The ASA received complaints about claims being made by a driving instructor on his website. Kelvin White, of Tiverton, was claiming a first time pass rate of 80% and someone made a complaint.
He has since removed the claims. In reading his comments in that article in This Is The West Country, he seems to be another instructor who either doesn’t understand statistics, or one who understands them all too well. You see, the problem is that ADIs are always looking for a USP (unique selling point) and although pass rates are hardly unique, very high ones are perceived as being so.
No ADI in the UK with a statistically significant number of tests under his belt can claim 100%. However, if he is selective with his data then he can sometimes get very close.

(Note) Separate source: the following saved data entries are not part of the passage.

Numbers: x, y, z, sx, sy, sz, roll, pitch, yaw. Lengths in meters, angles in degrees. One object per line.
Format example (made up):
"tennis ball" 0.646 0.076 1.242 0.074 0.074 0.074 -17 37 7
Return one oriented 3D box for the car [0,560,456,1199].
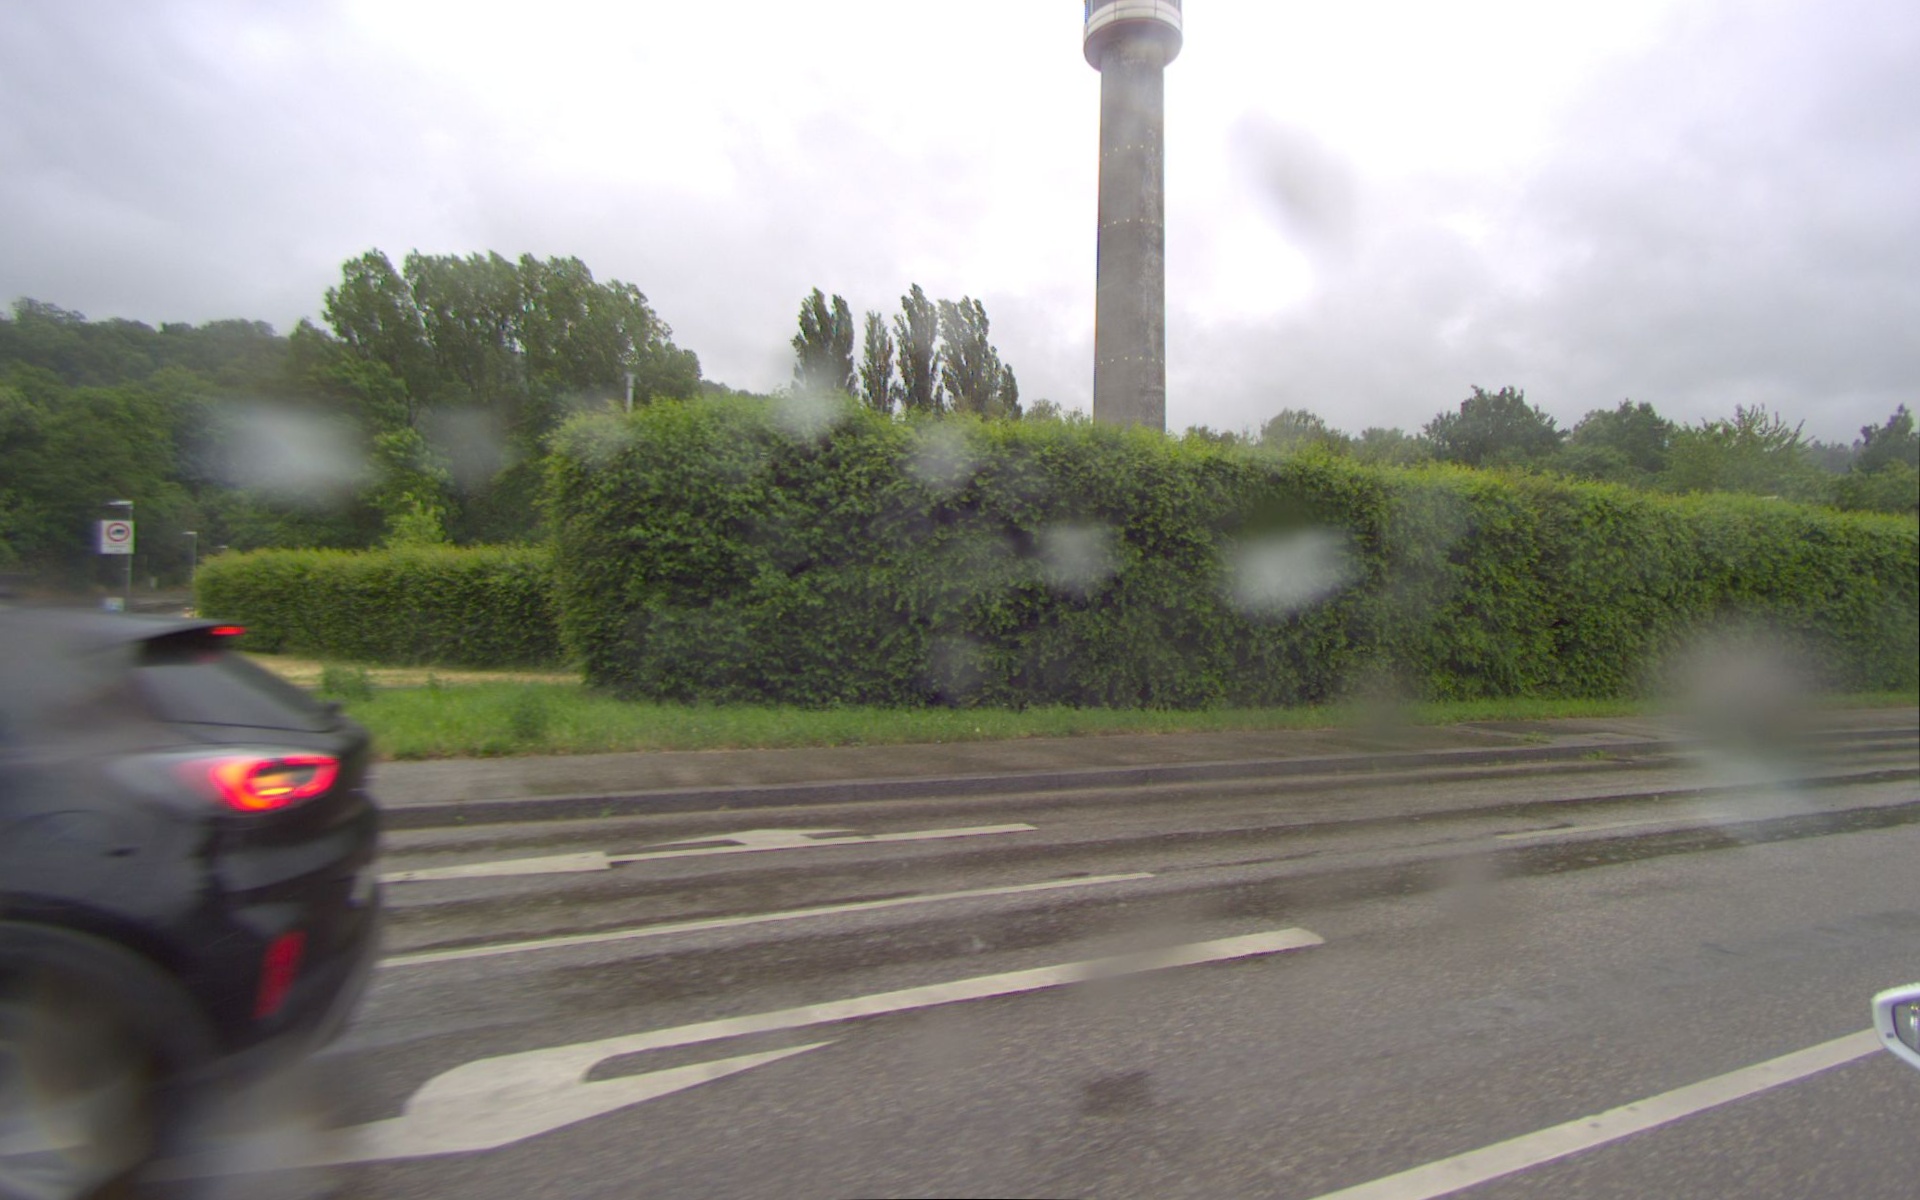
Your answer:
"car" -3.320 0.679 2.294 3.827 1.557 1.756 2 -2 -27

At one point this year (2013), my first time pass rate was 100%. But at the start of last year even my overall pass rate was 0% (a single pupil failed his test four or five times in a relatively short period, and I don’t think anyone else had a test in the same period). Pass rates are great when they’re high, but they are awful when they’re low, and people who put them on their websites are not going to report low ones.
I don’t quote pass rates on my school website. I mention them on here from time to time, and I only use figures for the calendar year in question because that’s all that matters to me. It means a warts-and-all figure – it’s 57% for the year to date, with 12 passes from 21 tests – which is the only figure that comes even close to meaning anything. But if I wanted to be creative (and deliberately misleading), I could quote the percentage as a function of the number of pupils who have had tests, and that puts my percentage up to 70%. And although it didn’t occur to me to check it again until now, my first time pass rate – expressed as a percentage of my test passes – is 67%, although as a percentage of all tests it is only 38%. And I could really make the figures look good if I took out certain pupils – who would know?. You can see the problem here.
And claims made by individual schools for marketing purposes completely overlook the differences in pass rates in different parts of the same county and especially across the country as a whole. Test centres out in the sticks usually have higher local pass rates than those in the middle of dense urban conurbations – particularly if there is a lower proportion of non-UK nationals taking tests.
Kelvin White seems to object to the ASA’s requirement for pass rates to be updated monthly with evidence, instead of just six-monthly.
An ASA spokeswoman said: “We received a complaint about advertising on the Kelvin White Driving School website which stated ‘you will also benefit from our first time pass rate of over 80% across the whole of the driving school’.”
Again, you can see the problem. You can’t just select your favourite pass rate and then use it as a marketing slogan for ever and a day. It will change – probably downwards in the real world, especially if you chose a high one at the start – and once you start boasting about the good results you commit yourself to having to publicise the bad ones if you don’t want to fall foul of the ASA. And that is quite right.